-- STORED DATA --
- Opening Delimiter -

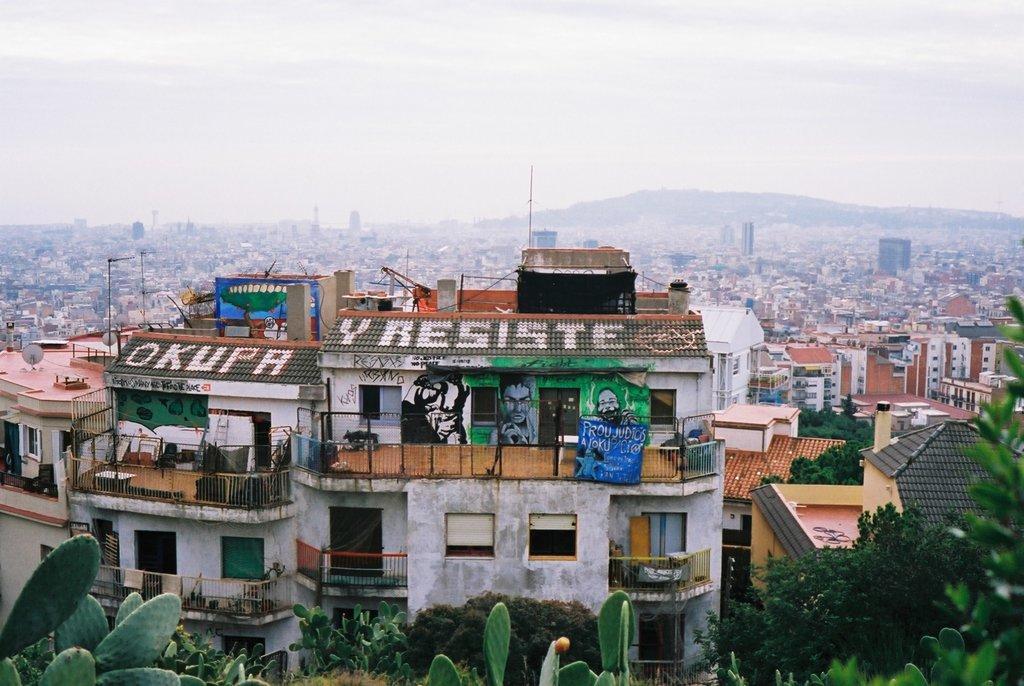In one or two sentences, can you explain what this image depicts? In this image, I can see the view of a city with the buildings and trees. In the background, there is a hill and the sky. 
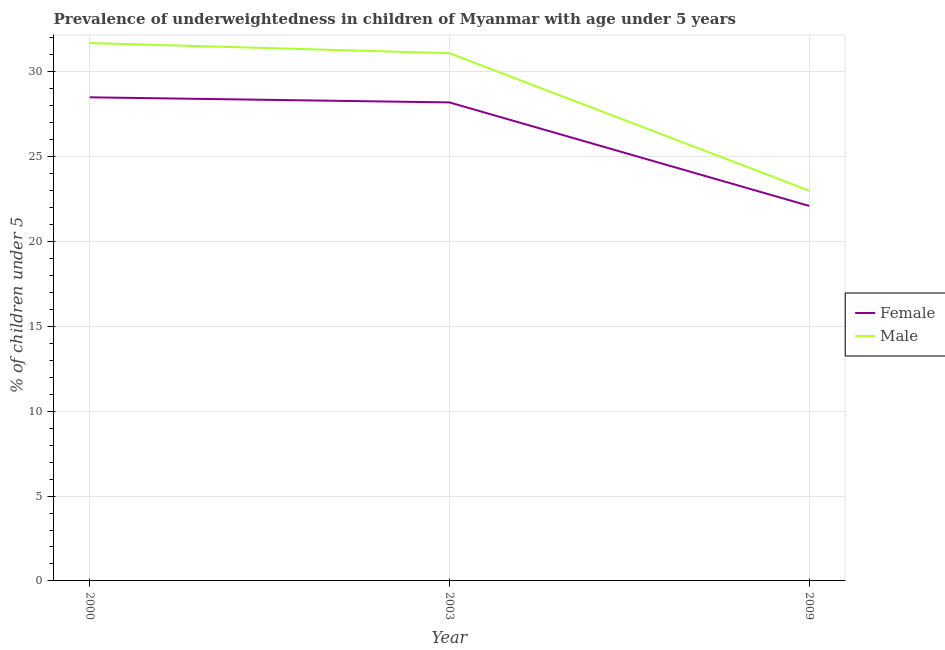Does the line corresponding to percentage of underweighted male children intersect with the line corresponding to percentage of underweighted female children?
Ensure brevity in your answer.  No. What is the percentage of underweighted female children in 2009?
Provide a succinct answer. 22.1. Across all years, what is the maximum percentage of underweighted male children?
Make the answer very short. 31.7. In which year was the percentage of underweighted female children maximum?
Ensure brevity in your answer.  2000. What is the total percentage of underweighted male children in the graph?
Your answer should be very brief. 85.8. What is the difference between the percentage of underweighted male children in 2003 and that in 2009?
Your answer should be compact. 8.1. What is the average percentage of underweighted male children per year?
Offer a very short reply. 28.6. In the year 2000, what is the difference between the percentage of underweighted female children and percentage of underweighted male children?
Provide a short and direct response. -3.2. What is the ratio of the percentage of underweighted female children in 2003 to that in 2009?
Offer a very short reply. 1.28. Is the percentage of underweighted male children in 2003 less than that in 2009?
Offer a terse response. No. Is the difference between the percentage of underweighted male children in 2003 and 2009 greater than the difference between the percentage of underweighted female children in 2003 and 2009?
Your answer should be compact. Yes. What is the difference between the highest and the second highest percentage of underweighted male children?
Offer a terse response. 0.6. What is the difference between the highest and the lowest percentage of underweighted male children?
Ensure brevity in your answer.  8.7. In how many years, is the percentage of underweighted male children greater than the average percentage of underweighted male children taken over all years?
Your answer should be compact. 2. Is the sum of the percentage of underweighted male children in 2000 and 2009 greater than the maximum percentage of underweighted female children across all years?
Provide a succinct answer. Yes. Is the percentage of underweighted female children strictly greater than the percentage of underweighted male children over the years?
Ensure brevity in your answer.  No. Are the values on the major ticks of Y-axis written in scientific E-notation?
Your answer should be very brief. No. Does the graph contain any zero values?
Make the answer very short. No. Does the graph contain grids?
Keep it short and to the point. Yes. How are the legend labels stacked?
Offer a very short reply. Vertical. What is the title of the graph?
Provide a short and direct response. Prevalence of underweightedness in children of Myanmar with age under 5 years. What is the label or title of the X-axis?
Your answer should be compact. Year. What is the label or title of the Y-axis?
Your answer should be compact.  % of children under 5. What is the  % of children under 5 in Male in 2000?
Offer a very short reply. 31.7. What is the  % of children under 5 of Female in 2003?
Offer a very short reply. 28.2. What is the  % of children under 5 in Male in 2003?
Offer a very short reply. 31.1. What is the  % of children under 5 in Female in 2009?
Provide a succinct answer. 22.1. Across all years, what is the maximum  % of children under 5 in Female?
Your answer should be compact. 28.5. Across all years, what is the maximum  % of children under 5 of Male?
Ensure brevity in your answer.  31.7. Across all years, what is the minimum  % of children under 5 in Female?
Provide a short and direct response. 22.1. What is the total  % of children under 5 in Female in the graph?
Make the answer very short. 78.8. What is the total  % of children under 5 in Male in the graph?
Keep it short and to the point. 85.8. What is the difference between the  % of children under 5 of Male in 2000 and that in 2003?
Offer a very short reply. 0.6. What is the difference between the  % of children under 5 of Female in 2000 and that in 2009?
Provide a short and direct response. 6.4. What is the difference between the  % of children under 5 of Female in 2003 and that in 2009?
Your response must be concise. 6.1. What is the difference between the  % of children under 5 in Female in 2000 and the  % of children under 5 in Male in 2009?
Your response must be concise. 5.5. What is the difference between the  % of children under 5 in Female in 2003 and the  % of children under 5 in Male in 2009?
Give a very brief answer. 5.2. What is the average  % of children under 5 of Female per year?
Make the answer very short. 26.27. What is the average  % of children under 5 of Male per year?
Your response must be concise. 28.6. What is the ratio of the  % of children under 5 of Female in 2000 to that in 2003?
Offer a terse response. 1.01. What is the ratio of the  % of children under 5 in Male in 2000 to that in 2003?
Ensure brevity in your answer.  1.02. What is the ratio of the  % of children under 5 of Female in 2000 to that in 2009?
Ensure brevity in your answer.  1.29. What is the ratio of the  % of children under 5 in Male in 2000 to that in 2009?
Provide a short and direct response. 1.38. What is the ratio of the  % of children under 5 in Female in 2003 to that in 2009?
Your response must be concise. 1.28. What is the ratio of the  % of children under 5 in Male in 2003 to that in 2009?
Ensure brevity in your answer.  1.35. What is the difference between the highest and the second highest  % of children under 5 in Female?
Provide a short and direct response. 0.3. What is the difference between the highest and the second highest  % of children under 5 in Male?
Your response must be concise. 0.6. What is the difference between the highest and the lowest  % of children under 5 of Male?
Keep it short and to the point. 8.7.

- Closing Delimiter -

Return a word-for-word copy of the lines above from the one holding "maximum percentage of underweighted male children?" through the one holding "Make the answer very short. 31.7.", with both of them included and nothing besides.

Provide a succinct answer. 22.1. Across all years, what is the maximum percentage of underweighted male children?
Make the answer very short. 31.7. In which year was the percentage of underweighted female children maximum?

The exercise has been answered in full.